Pull each line containing "yscale" from the data.

== Segment start ==

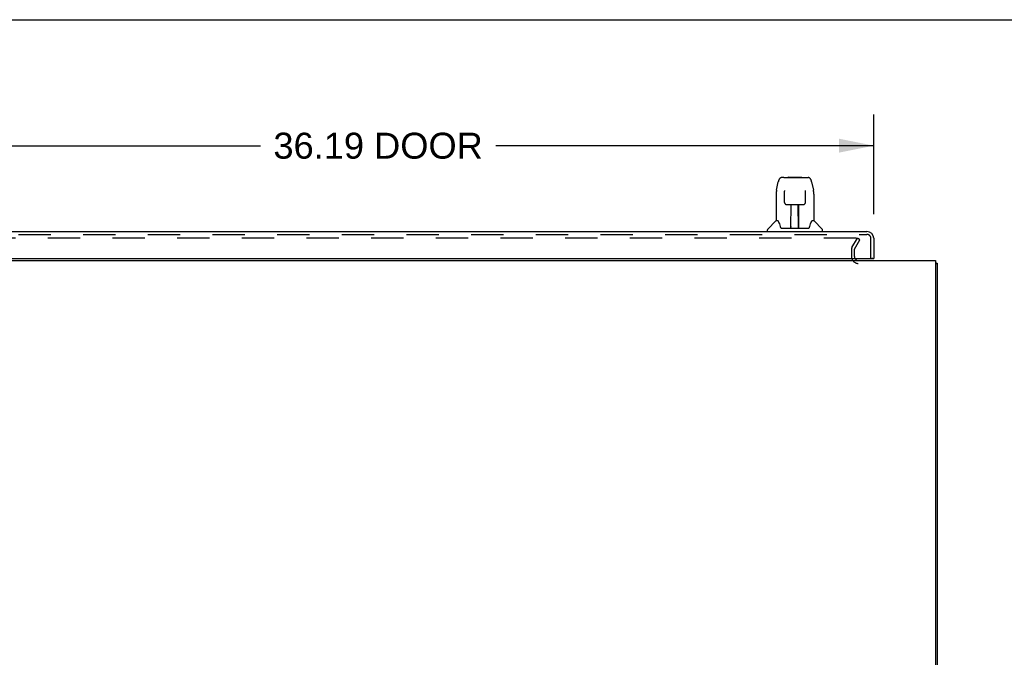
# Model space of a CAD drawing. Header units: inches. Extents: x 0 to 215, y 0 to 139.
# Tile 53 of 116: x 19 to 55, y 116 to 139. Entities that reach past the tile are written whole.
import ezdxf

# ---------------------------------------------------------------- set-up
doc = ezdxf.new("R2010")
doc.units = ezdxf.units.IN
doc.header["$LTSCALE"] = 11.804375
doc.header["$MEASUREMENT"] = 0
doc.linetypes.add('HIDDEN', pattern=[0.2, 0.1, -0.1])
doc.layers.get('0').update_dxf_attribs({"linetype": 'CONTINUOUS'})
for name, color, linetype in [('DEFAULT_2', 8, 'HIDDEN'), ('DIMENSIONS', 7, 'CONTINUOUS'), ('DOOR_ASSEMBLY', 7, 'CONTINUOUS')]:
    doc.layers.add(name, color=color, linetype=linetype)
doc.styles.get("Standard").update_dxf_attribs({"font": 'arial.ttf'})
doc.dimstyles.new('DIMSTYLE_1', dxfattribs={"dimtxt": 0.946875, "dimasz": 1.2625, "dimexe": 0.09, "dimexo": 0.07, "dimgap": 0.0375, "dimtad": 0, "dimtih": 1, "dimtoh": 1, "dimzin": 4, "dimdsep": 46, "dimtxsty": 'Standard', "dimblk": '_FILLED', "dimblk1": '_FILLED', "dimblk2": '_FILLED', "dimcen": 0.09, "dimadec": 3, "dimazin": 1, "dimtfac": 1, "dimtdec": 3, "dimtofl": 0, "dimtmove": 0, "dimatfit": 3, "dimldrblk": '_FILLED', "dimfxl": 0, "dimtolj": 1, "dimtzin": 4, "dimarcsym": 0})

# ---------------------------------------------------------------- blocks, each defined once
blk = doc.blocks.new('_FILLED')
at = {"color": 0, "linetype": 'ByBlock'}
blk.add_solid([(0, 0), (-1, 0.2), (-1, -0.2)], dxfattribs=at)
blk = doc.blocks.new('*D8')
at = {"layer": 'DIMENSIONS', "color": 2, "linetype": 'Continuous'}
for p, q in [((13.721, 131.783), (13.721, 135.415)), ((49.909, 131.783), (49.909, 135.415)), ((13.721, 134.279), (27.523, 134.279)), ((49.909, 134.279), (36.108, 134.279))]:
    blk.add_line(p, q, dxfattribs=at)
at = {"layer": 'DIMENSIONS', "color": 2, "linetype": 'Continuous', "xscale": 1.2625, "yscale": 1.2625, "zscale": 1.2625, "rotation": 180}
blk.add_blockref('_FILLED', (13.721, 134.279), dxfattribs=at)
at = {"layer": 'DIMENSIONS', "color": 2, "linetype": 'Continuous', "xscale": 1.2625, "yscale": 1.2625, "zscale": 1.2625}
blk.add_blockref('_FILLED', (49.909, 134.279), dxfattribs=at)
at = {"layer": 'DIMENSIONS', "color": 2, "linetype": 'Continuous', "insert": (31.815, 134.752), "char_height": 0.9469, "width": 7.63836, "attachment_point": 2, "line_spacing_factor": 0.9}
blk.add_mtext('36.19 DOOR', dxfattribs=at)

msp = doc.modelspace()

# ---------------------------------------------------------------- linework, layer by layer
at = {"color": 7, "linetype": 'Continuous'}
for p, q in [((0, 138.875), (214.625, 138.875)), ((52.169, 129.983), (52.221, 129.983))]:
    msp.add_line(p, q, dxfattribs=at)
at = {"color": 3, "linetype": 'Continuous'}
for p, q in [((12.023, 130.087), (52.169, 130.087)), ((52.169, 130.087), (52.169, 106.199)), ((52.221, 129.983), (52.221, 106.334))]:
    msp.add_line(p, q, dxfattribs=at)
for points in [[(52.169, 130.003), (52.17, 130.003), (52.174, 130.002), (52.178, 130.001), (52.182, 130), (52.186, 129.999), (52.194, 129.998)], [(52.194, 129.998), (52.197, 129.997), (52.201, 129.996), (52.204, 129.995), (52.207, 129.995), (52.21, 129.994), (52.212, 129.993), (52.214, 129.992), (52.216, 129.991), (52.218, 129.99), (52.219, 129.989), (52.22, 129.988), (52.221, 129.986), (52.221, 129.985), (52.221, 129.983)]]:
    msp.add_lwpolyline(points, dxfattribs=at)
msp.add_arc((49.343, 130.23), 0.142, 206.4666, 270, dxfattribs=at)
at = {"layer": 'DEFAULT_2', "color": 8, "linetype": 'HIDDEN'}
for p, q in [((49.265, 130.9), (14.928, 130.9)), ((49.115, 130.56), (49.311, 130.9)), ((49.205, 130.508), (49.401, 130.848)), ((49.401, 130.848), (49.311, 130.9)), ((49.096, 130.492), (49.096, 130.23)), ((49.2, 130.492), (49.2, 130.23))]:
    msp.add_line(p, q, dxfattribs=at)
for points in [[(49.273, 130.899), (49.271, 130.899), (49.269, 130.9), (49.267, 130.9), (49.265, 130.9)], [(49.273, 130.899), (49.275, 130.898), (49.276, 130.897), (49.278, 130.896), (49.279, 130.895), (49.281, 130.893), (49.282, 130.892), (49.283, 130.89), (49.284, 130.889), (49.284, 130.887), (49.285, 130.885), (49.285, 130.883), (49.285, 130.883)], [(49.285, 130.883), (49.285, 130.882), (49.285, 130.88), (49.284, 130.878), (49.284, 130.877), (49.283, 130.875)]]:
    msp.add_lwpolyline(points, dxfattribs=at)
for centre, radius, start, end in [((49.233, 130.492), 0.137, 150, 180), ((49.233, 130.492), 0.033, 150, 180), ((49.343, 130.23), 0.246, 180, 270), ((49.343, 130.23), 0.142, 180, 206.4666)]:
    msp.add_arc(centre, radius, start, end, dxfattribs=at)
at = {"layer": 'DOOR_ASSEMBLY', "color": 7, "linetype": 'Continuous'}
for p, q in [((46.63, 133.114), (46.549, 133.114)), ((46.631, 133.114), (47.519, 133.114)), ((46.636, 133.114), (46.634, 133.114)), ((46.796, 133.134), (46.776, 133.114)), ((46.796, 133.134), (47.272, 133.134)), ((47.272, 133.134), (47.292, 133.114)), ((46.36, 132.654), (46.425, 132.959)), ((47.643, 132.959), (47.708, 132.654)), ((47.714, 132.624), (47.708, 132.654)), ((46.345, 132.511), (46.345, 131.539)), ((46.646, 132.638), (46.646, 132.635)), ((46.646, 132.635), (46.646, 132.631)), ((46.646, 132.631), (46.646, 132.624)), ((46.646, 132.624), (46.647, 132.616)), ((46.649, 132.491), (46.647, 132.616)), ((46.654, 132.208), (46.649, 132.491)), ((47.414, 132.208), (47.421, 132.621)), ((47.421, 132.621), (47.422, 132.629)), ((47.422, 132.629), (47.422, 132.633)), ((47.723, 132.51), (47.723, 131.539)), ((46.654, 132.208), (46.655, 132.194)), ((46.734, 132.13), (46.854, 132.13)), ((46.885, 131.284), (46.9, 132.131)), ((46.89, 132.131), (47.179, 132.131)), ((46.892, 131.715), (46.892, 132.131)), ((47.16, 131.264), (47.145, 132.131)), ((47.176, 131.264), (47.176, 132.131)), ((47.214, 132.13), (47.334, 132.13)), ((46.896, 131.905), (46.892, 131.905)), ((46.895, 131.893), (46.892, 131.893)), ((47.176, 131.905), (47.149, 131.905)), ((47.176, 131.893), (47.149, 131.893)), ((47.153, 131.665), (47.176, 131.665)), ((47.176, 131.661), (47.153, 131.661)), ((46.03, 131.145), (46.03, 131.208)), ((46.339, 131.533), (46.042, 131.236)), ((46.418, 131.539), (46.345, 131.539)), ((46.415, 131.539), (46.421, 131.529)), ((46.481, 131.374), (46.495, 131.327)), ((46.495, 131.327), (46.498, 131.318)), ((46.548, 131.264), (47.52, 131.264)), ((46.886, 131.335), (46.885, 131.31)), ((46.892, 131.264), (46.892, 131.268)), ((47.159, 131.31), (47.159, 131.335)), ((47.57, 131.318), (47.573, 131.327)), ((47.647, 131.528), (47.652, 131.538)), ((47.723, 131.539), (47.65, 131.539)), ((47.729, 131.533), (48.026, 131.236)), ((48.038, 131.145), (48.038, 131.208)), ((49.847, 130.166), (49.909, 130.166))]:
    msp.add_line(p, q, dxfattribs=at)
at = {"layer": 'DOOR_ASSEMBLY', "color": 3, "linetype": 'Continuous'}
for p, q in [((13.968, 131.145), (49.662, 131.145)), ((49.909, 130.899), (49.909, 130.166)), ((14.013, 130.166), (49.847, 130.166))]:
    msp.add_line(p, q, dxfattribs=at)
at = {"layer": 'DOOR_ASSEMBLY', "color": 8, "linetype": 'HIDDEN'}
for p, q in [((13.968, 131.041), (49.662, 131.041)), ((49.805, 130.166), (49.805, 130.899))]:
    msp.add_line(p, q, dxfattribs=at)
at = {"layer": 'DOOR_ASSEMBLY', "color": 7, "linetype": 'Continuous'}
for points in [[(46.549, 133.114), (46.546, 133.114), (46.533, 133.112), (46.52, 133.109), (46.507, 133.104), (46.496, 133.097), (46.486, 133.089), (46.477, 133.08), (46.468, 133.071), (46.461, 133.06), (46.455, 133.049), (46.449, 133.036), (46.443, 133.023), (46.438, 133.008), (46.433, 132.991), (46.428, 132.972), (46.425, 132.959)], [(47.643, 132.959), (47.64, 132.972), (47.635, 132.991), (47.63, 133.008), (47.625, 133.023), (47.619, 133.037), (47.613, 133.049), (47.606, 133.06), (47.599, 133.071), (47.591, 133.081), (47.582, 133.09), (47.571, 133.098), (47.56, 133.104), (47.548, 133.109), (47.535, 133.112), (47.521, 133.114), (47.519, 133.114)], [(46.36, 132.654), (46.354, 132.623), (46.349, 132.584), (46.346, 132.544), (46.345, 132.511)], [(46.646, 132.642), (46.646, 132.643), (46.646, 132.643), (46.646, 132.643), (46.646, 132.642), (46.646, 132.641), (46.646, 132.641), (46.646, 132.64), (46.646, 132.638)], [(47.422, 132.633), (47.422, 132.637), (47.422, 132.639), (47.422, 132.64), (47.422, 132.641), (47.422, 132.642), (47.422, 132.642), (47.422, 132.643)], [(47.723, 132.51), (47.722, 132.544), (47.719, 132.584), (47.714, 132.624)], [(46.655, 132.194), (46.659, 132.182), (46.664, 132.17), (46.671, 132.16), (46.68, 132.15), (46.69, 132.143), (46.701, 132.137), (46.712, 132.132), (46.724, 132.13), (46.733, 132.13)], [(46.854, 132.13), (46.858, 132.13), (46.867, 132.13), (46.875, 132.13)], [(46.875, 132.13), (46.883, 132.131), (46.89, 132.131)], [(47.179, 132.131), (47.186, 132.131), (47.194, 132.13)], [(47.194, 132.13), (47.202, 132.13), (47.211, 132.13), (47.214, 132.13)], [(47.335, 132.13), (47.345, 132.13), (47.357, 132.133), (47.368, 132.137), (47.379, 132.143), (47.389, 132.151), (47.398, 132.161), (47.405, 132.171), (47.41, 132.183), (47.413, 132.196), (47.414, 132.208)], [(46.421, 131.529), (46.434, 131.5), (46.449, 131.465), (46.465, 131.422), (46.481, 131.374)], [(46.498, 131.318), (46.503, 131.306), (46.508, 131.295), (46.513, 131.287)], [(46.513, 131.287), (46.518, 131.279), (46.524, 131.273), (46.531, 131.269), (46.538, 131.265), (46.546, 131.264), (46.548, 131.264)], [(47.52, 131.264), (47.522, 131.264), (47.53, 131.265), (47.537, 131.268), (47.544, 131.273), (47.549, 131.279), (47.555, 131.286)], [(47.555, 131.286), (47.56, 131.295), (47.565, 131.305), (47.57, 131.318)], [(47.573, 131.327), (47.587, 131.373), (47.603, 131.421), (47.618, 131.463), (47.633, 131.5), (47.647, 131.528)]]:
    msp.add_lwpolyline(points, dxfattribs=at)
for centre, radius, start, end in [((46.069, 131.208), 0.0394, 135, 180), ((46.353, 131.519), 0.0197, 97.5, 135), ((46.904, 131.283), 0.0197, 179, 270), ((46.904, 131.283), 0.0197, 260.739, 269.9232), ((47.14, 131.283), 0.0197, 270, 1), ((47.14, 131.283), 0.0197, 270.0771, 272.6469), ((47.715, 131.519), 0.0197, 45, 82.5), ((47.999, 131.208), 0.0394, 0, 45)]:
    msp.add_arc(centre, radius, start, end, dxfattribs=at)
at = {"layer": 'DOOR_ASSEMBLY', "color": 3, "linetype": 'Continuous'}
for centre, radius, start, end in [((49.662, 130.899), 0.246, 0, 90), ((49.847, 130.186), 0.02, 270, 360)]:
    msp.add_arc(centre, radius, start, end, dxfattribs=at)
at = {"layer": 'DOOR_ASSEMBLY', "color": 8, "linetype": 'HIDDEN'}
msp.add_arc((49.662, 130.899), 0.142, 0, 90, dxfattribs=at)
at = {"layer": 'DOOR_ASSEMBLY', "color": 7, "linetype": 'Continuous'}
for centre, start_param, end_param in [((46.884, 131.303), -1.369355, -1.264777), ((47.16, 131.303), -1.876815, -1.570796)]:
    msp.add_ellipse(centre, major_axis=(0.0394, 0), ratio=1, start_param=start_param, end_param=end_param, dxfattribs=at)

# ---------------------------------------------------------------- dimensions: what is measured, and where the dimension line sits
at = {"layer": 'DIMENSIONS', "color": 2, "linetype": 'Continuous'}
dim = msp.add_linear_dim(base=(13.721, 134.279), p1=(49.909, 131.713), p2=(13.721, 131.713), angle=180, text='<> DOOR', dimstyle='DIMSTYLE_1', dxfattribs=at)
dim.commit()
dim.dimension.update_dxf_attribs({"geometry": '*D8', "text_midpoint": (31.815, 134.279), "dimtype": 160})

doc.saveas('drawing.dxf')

== Segment end ==

◆ ANSWER SECTION
at = {"layer": 'DIMENSIONS', "color": 2, "linetype": 'Continuous', "xscale": 1.2625, "yscale": 1.2625, "zscale": 1.2625, "rotation": 180}
at = {"layer": 'DIMENSIONS', "color": 2, "linetype": 'Continuous', "xscale": 1.2625, "yscale": 1.2625, "zscale": 1.2625}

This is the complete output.